What you have to do: Repeat the lines from the one containing "pitch, yaw. Keep" through the last line of the data, exactly, pictures omitted.
******************************
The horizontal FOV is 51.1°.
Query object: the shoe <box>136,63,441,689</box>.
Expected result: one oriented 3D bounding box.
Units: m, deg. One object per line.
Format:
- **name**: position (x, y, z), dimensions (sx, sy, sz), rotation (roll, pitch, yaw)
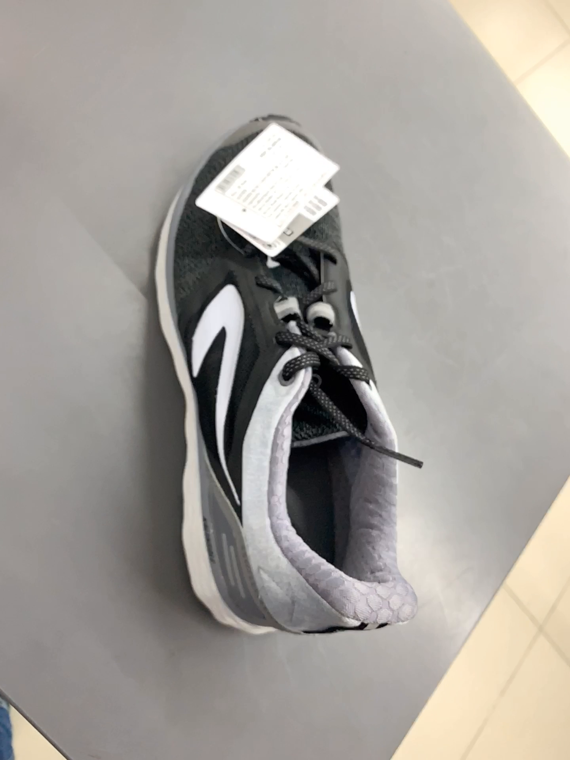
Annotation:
- **shoe**: position (-0.010, -0.004, 0.283), dimensions (0.100, 0.090, 0.240), rotation (1, 77, -24)
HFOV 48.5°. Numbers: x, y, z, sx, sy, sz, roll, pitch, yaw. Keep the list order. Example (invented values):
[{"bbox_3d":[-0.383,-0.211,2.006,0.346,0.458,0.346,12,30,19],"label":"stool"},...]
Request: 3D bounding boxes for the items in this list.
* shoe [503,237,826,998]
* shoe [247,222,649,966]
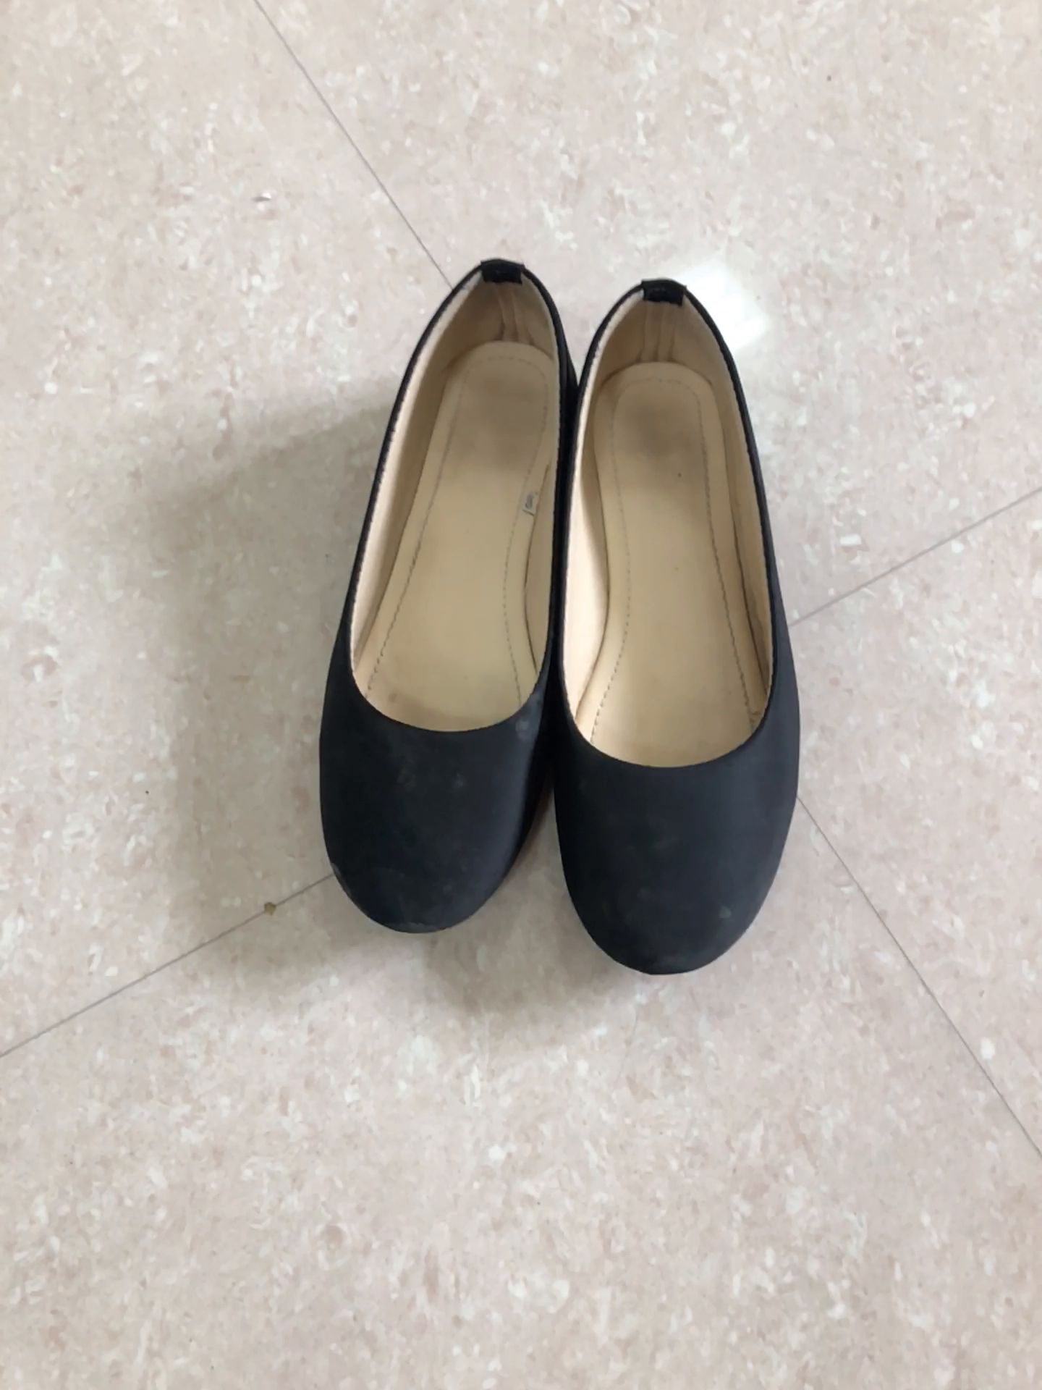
[{"bbox_3d":[0.048,-0.031,0.391,0.090,0.060,0.250,2,72,4],"label":"shoe"},{"bbox_3d":[-0.016,-0.040,0.409,0.090,0.060,0.250,7,72,7],"label":"shoe"}]
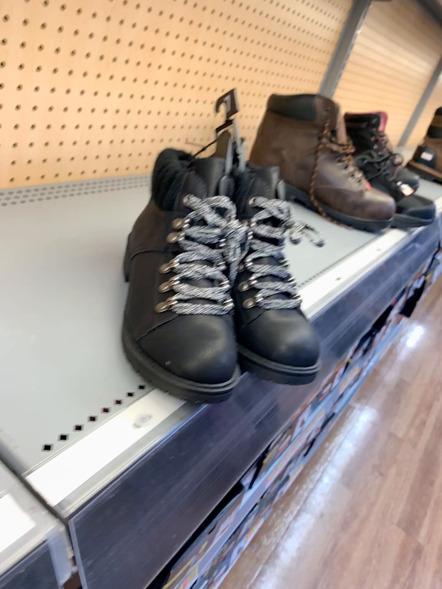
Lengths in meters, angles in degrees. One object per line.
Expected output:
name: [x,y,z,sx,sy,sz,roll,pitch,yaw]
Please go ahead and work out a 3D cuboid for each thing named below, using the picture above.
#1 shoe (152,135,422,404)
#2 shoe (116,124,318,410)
shoe: [0.041,-0.037,0.443,0.105,0.137,0.232,-2,37,-34]
shoe: [-0.028,-0.039,0.410,0.104,0.137,0.237,10,32,-19]
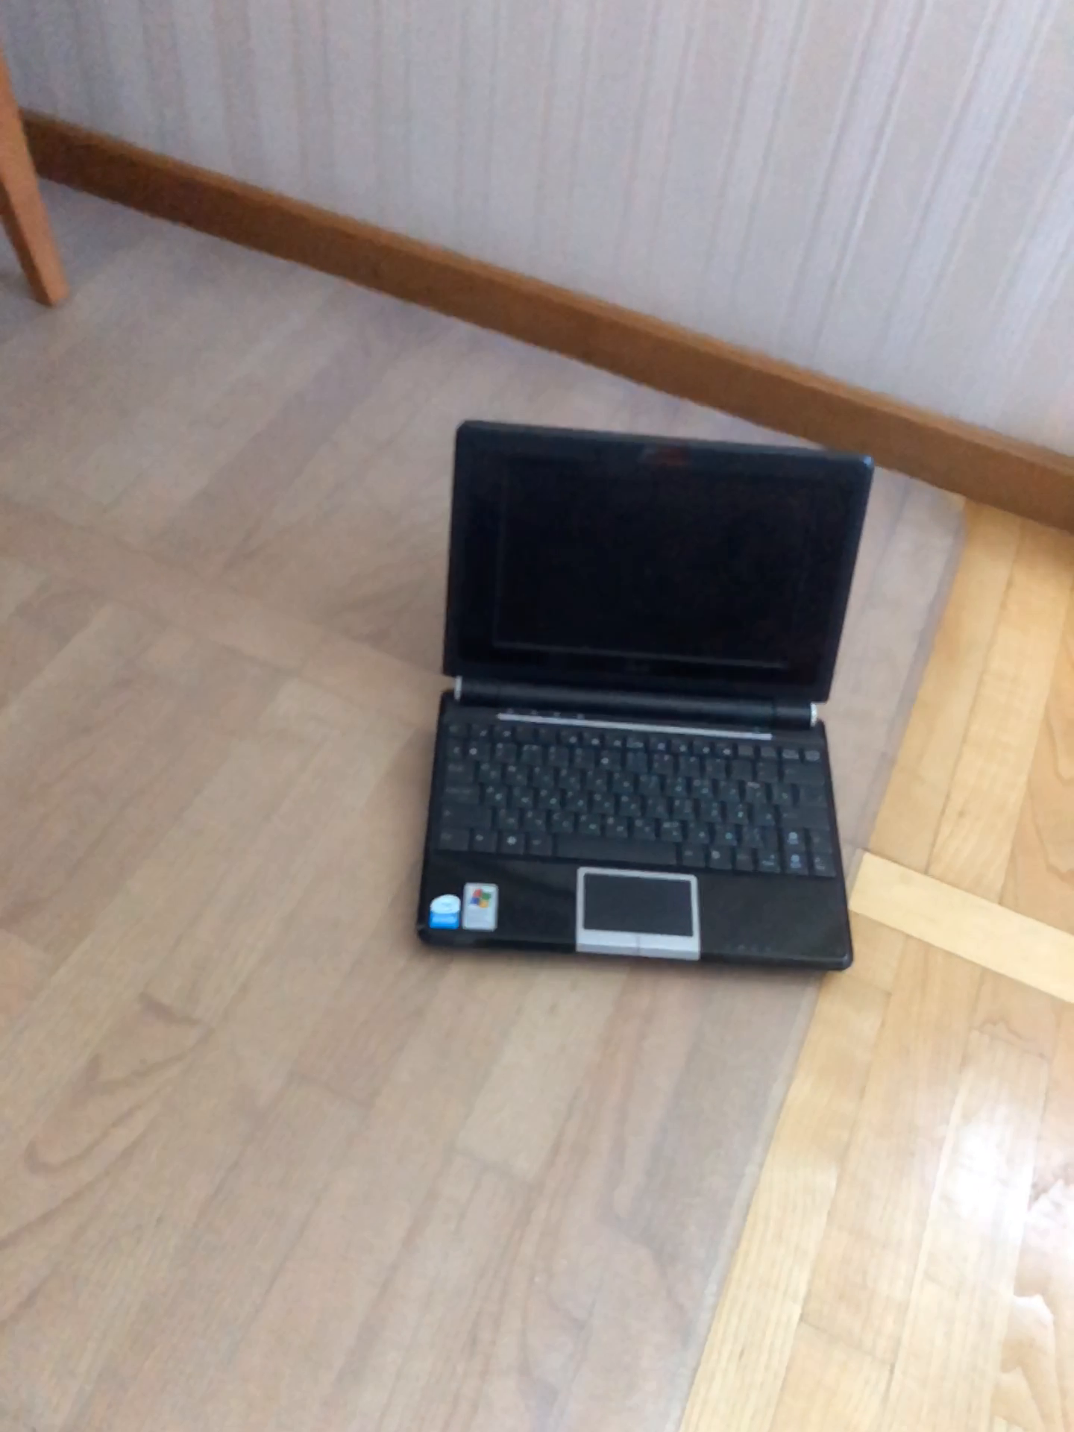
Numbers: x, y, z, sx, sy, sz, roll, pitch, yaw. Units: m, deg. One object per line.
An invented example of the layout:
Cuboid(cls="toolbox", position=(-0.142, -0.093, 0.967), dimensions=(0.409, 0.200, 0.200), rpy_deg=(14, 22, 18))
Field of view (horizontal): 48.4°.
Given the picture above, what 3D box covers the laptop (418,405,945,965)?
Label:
Cuboid(cls="laptop", position=(0.071, -0.022, 0.739), dimensions=(0.264, 0.159, 0.278), rpy_deg=(5, 54, -4))
******************************
Response:
HFOV 48.5°. Numbers: x, y, z, sx, sy, sz, roll, pitch, yaw. Keep the list order. Example (invented values):
[{"bbox_3d":[-0.383,-0.211,2.006,0.346,0.458,0.346,12,30,19],"label":"stool"},...]
Request: 3D bounding boxes for the items in this list.
* shoe [503,237,826,998]
* shoe [247,222,649,966]
[{"bbox_3d":[0.048,-0.031,0.391,0.090,0.060,0.250,2,72,4],"label":"shoe"},{"bbox_3d":[-0.016,-0.040,0.409,0.090,0.060,0.250,7,72,7],"label":"shoe"}]
Lengths in meters, angles in degrees. One object per line.
Expected output:
name: [x,y,z,sx,sy,sz,roll,pitch,yaw]
Please go ahead and work out a 3D cuboid for each thing named below, using the picture above.
#1 shoe (152,135,422,404)
#2 shoe (116,124,318,410)
shoe: [0.041,-0.037,0.443,0.105,0.137,0.232,-2,37,-34]
shoe: [-0.028,-0.039,0.410,0.104,0.137,0.237,10,32,-19]
Numbers: x, y, z, sx, sy, sz, roll, pitch, yaw. Units: m, deg. One object per line.
An invented example of the layout:
Cuboid(cls="toolbox", position=(-0.142, -0.093, 0.967), dimensions=(0.409, 0.200, 0.200), rpy_deg=(14, 22, 18))
Field of view (horizontal): 48.4°.
Given the picture above, what 3D box covers the laptop (418,405,945,965)?
Label:
Cuboid(cls="laptop", position=(0.071, -0.022, 0.739), dimensions=(0.264, 0.159, 0.278), rpy_deg=(5, 54, -4))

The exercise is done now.